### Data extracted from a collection

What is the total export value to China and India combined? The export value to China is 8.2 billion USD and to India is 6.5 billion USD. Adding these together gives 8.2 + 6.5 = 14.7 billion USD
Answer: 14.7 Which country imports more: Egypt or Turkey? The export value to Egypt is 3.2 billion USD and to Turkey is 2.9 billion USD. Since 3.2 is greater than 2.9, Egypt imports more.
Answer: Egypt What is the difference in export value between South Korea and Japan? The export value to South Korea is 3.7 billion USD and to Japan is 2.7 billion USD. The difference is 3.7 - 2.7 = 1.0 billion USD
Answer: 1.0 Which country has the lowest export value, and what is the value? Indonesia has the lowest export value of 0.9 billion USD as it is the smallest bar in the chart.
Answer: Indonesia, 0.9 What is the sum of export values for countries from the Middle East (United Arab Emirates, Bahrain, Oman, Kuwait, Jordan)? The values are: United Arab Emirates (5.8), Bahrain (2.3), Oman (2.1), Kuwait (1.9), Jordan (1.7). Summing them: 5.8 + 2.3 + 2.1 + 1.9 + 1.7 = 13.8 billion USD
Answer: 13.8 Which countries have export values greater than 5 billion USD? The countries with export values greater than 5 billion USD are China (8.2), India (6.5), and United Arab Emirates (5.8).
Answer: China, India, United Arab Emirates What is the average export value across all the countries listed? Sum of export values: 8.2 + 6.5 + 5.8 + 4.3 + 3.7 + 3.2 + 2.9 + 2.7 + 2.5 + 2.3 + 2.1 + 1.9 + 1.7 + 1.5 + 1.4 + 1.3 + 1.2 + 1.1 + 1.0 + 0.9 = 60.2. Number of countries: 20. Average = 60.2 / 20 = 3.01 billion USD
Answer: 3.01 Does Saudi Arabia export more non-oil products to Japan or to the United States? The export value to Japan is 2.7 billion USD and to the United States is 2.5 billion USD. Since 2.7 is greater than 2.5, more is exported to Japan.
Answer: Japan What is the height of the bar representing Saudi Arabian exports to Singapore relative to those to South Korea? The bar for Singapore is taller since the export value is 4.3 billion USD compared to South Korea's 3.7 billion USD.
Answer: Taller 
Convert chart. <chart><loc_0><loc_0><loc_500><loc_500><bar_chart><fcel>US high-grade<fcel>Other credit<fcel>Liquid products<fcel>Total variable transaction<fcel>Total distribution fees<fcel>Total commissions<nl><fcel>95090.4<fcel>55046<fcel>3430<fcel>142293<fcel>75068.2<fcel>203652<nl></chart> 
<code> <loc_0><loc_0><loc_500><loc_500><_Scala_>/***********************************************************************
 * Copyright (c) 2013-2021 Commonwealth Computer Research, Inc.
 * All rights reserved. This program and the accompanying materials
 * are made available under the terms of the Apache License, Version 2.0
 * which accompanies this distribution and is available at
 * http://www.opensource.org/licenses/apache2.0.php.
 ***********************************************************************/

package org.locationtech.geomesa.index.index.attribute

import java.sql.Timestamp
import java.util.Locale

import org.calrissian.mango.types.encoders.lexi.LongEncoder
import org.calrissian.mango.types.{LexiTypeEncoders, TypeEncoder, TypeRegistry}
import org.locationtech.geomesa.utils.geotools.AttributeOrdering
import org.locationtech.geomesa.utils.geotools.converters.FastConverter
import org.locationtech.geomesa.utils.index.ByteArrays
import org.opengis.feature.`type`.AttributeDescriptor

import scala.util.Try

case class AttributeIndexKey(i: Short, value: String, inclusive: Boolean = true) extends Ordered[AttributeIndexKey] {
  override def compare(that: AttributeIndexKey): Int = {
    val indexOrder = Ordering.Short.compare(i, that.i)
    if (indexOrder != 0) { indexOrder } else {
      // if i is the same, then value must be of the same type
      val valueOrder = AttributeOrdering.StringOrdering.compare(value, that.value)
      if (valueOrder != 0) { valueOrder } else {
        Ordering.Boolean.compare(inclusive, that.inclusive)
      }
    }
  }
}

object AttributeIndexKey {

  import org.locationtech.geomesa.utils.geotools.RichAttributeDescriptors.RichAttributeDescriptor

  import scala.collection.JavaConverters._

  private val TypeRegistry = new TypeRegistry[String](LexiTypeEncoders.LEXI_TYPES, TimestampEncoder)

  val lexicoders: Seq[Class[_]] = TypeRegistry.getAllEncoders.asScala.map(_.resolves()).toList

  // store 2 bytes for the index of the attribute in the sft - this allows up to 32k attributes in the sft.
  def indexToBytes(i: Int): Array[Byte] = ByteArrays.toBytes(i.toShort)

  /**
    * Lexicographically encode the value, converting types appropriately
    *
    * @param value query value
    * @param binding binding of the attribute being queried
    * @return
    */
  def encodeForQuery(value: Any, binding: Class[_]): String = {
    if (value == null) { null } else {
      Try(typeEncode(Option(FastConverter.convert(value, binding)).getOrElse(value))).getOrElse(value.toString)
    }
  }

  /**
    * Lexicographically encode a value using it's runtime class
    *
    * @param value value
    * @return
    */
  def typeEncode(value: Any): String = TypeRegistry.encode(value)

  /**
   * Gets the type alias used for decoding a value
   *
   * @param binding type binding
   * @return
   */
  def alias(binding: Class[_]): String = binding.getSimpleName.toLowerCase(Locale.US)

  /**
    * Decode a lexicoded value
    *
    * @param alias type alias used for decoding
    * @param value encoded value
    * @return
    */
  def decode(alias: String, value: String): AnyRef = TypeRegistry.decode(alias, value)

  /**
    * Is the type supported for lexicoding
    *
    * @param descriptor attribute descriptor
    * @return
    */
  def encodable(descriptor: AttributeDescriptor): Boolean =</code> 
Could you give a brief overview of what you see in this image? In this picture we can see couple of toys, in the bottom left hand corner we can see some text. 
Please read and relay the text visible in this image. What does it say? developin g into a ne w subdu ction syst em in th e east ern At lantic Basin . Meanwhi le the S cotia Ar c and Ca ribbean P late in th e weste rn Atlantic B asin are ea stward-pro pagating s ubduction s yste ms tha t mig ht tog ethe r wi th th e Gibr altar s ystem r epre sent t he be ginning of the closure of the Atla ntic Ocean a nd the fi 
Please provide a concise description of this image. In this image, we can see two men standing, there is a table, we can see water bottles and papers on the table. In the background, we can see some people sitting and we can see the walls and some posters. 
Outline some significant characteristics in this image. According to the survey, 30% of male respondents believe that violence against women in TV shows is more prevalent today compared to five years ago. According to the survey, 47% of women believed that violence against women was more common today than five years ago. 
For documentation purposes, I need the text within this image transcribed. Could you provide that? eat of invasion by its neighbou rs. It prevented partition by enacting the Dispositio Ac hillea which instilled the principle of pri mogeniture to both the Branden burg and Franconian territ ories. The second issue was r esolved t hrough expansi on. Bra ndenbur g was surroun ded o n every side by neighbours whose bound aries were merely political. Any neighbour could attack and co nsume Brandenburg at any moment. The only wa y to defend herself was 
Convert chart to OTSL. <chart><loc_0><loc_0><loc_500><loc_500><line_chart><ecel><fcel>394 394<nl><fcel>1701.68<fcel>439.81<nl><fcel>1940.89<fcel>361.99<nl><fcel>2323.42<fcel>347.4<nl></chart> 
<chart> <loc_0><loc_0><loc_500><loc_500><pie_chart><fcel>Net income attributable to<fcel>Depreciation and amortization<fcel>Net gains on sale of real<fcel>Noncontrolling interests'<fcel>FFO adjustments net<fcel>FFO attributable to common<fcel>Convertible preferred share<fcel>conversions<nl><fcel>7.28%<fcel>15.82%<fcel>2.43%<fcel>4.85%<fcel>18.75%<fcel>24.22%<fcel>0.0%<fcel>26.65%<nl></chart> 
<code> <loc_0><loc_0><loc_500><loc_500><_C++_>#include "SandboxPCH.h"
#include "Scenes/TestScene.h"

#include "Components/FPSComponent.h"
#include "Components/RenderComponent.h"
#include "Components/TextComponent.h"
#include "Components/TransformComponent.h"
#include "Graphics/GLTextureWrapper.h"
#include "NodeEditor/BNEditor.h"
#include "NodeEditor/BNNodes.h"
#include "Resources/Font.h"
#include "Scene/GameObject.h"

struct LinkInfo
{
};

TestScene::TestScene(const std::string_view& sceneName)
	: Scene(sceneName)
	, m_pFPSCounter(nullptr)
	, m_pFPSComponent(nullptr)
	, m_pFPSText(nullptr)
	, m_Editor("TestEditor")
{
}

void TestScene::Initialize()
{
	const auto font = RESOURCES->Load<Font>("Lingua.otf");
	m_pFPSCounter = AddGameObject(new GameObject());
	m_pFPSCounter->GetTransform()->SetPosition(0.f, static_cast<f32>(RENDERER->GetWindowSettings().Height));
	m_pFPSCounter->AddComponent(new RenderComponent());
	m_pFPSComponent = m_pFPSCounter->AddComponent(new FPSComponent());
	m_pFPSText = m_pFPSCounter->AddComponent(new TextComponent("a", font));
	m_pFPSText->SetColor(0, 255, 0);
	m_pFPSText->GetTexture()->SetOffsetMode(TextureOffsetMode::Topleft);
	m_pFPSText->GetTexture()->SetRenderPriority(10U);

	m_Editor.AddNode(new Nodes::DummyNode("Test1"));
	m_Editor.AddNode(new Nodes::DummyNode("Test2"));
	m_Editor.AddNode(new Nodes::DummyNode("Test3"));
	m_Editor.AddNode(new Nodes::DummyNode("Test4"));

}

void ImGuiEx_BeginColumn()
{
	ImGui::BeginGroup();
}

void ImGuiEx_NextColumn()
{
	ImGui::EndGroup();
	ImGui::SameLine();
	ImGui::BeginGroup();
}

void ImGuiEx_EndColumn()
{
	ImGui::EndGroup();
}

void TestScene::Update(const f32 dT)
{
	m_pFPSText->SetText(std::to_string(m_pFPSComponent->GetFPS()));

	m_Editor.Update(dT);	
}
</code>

### Exercise requirements
Please output an exact copy of the lines above, from the opening line of the data down to the line that contains "Answer: 3.01 Does".

### Result for this task
What is the total export value to China and India combined? The export value to China is 8.2 billion USD and to India is 6.5 billion USD. Adding these together gives 8.2 + 6.5 = 14.7 billion USD
Answer: 14.7 Which country imports more: Egypt or Turkey? The export value to Egypt is 3.2 billion USD and to Turkey is 2.9 billion USD. Since 3.2 is greater than 2.9, Egypt imports more.
Answer: Egypt What is the difference in export value between South Korea and Japan? The export value to South Korea is 3.7 billion USD and to Japan is 2.7 billion USD. The difference is 3.7 - 2.7 = 1.0 billion USD
Answer: 1.0 Which country has the lowest export value, and what is the value? Indonesia has the lowest export value of 0.9 billion USD as it is the smallest bar in the chart.
Answer: Indonesia, 0.9 What is the sum of export values for countries from the Middle East (United Arab Emirates, Bahrain, Oman, Kuwait, Jordan)? The values are: United Arab Emirates (5.8), Bahrain (2.3), Oman (2.1), Kuwait (1.9), Jordan (1.7). Summing them: 5.8 + 2.3 + 2.1 + 1.9 + 1.7 = 13.8 billion USD
Answer: 13.8 Which countries have export values greater than 5 billion USD? The countries with export values greater than 5 billion USD are China (8.2), India (6.5), and United Arab Emirates (5.8).
Answer: China, India, United Arab Emirates What is the average export value across all the countries listed? Sum of export values: 8.2 + 6.5 + 5.8 + 4.3 + 3.7 + 3.2 + 2.9 + 2.7 + 2.5 + 2.3 + 2.1 + 1.9 + 1.7 + 1.5 + 1.4 + 1.3 + 1.2 + 1.1 + 1.0 + 0.9 = 60.2. Number of countries: 20. Average = 60.2 / 20 = 3.01 billion USD
Answer: 3.01 Does Saudi Arabia export more non-oil products to Japan or to the United States? The export value to Japan is 2.7 billion USD and to the United States is 2.5 billion USD. Since 2.7 is greater than 2.5, more is exported to Japan.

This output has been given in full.